Additionally, you can easily build a custom server on top of the SGLang offline engine. A detailed example working in a python script can be found in [custom_server](https://github.com/sgl-project/sglang/blob/main/examples/runtime/engine/custom_server.py).



## Nest Asyncio
Note that if you want to use **Offline Engine** in ipython or some other nested loop code, you need to add the following code:
```python
import nest_asyncio

nest_asyncio.apply()

```

## Advanced Usage

The engine supports [vlm inference](https://github.com/sgl-project/sglang/blob/main/examples/runtime/engine/offline_batch_inference_vlm.py) as well as [extracting hidden states](https://github.com/sgl-project/sglang/blob/main/examples/runtime/hidden_states). 

Please see [the examples](https://github.com/sgl-project/sglang/tree/main/examples/runtime/engine) for further use cases.

## Offline Batch Inference

SGLang offline engine supports batch inference with efficient scheduling.

In [1]:
# launch the offline engine
import asyncio

import sglang as sgl
import sglang.test.doc_patch
from sglang.utils import async_stream_and_merge, stream_and_merge

llm = sgl.Engine(model_path="qwen/qwen2.5-0.5b-instruct")

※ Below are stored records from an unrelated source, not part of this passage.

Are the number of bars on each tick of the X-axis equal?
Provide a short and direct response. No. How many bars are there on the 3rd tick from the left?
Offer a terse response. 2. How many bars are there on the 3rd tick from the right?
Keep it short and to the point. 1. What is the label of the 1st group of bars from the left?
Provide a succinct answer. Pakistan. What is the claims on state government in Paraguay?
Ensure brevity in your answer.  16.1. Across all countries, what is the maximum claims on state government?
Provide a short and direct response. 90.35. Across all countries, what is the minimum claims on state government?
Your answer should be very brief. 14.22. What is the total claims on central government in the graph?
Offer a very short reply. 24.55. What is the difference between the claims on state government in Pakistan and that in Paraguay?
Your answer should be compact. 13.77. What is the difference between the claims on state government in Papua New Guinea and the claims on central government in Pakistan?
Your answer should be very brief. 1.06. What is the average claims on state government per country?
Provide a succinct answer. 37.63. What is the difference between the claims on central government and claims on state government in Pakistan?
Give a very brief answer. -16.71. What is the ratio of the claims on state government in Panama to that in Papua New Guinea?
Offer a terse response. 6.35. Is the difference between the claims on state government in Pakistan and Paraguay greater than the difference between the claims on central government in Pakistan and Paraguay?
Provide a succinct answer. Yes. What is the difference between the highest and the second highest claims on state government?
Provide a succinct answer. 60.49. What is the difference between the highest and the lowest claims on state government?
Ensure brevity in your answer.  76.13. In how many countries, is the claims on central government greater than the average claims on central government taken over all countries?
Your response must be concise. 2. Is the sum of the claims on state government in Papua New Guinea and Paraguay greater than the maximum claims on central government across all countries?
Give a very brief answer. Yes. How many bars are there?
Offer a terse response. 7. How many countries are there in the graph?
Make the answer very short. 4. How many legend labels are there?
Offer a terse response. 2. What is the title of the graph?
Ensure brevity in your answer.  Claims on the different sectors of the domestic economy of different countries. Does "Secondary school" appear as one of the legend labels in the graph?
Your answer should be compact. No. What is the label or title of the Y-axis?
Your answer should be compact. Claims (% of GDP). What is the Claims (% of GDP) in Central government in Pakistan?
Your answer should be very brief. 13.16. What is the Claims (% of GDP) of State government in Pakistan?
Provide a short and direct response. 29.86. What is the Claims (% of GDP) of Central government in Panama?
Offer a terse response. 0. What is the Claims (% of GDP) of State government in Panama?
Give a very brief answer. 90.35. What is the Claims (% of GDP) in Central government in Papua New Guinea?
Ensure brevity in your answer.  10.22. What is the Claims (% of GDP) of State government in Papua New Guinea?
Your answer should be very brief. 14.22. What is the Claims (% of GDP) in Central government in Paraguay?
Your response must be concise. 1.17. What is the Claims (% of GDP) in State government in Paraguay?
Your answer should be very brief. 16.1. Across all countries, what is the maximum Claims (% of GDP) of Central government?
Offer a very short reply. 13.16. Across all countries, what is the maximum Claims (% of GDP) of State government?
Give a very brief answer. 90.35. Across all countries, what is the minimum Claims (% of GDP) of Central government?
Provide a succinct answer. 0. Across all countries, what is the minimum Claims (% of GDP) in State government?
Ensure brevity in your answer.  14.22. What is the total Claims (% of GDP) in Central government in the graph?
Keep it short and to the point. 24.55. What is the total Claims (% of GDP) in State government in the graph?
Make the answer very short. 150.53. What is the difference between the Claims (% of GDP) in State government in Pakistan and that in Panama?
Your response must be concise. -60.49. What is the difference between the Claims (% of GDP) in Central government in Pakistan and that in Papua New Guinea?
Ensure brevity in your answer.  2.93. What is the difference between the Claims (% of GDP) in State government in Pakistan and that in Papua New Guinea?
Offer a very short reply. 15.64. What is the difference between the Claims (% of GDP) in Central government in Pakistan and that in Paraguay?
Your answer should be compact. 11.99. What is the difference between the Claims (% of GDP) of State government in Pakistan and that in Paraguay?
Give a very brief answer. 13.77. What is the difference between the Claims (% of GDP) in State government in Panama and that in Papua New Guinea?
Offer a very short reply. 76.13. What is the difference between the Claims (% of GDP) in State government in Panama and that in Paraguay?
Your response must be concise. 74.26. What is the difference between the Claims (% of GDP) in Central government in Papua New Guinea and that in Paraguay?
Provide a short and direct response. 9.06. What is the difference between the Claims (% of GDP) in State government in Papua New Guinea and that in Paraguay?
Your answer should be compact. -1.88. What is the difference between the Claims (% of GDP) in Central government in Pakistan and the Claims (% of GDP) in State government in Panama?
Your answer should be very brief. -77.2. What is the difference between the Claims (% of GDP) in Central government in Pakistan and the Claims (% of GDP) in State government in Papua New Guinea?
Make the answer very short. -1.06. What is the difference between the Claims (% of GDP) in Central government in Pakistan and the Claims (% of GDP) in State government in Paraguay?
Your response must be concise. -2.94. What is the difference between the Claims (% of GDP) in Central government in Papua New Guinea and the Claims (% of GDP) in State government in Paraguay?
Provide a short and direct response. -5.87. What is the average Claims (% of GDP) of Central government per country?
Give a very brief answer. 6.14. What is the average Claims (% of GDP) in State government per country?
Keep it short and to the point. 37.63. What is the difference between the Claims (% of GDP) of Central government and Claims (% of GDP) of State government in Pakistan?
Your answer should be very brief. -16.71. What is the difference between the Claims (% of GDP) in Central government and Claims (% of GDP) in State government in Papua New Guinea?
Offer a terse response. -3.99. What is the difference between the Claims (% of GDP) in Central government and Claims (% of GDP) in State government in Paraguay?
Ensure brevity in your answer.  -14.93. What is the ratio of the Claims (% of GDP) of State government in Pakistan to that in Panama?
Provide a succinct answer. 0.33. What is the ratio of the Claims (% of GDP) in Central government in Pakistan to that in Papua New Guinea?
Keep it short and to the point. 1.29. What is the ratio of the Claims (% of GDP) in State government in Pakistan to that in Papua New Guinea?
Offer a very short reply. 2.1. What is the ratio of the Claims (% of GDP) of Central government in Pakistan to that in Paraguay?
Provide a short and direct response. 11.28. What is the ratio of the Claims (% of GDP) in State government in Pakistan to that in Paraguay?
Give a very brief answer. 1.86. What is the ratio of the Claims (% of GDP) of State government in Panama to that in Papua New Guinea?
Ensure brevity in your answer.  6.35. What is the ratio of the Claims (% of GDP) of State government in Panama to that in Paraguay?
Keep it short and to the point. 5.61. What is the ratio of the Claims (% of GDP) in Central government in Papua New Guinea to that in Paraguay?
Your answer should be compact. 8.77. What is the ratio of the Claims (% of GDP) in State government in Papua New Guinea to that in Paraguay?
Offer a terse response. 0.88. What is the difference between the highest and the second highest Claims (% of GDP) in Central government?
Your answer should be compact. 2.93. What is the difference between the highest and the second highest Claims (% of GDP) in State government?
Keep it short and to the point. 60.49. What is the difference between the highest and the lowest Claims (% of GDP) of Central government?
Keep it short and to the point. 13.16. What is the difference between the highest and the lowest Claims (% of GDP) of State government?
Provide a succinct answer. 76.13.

W0825 06:32:37.767000 123655 torch/utils/cpp_extension.py:2425] TORCH_CUDA_ARCH_LIST is not set, all archs for visible cards are included for compilation. 
W0825 06:32:37.767000 123655 torch/utils/cpp_extension.py:2425] If this is not desired, please set os.environ['TORCH_CUDA_ARCH_LIST'] to specific architectures.


W0825 06:32:47.549000 124169 torch/utils/cpp_extension.py:2425] TORCH_CUDA_ARCH_LIST is not set, all archs for visible cards are included for compilation. 
W0825 06:32:47.549000 124169 torch/utils/cpp_extension.py:2425] If this is not desired, please set os.environ['TORCH_CUDA_ARCH_LIST'] to specific architectures.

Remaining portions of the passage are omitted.